Exercise requirements:
Set down again exactly the lines of the listing below that fall between the line holding "text Asunto de" and the line holding "text Mónica Santana", inclusive.

━━━━━ Extracted records

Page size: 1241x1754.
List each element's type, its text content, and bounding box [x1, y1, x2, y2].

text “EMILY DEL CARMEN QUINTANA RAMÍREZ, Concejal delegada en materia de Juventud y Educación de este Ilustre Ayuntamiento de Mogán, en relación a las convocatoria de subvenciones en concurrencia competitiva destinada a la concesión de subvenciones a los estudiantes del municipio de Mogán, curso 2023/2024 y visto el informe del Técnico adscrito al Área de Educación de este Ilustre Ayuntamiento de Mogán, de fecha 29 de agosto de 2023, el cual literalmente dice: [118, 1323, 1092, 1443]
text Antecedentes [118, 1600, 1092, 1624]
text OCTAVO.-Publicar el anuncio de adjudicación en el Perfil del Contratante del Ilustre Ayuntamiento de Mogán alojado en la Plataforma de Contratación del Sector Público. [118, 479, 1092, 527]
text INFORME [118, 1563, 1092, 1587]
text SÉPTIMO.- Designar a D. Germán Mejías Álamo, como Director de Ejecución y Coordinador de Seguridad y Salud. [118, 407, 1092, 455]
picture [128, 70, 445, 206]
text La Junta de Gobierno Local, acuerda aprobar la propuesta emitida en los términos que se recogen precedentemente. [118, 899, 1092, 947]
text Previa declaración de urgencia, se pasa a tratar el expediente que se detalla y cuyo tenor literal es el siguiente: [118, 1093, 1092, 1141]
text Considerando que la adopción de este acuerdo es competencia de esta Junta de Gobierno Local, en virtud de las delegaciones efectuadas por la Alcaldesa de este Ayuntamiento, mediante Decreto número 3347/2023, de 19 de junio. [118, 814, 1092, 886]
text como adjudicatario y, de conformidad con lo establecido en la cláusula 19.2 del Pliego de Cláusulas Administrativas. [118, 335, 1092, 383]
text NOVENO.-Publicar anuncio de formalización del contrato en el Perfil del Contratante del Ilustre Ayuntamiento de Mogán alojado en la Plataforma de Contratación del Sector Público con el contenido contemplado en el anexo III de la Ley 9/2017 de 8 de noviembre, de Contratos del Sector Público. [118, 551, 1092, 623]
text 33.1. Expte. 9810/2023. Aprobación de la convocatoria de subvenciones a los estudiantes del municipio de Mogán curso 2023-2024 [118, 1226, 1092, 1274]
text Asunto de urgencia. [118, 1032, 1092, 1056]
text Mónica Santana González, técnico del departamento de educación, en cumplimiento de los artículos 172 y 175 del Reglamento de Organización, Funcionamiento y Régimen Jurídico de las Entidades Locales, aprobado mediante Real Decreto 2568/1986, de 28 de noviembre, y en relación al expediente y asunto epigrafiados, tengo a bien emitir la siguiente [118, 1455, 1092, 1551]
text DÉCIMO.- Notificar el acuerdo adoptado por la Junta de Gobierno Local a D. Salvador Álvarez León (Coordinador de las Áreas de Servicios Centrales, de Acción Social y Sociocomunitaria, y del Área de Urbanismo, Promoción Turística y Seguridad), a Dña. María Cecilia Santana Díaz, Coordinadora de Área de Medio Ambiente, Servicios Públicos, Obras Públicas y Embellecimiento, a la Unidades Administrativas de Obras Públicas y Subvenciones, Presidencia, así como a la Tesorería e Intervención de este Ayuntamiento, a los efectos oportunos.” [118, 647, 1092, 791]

━━━━━━━━━━

Response area:
text Asunto de urgencia. [118, 1032, 1092, 1056]
text Mónica Santana González, técnico del departamento de educación, en cumplimiento de los artículos 172 y 175 del Reglamento de Organización, Funcionamiento y Régimen Jurídico de las Entidades Locales, aprobado mediante Real Decreto 2568/1986, de 28 de noviembre, y en relación al expediente y asunto epigrafiados, tengo a bien emitir la siguiente [118, 1455, 1092, 1551]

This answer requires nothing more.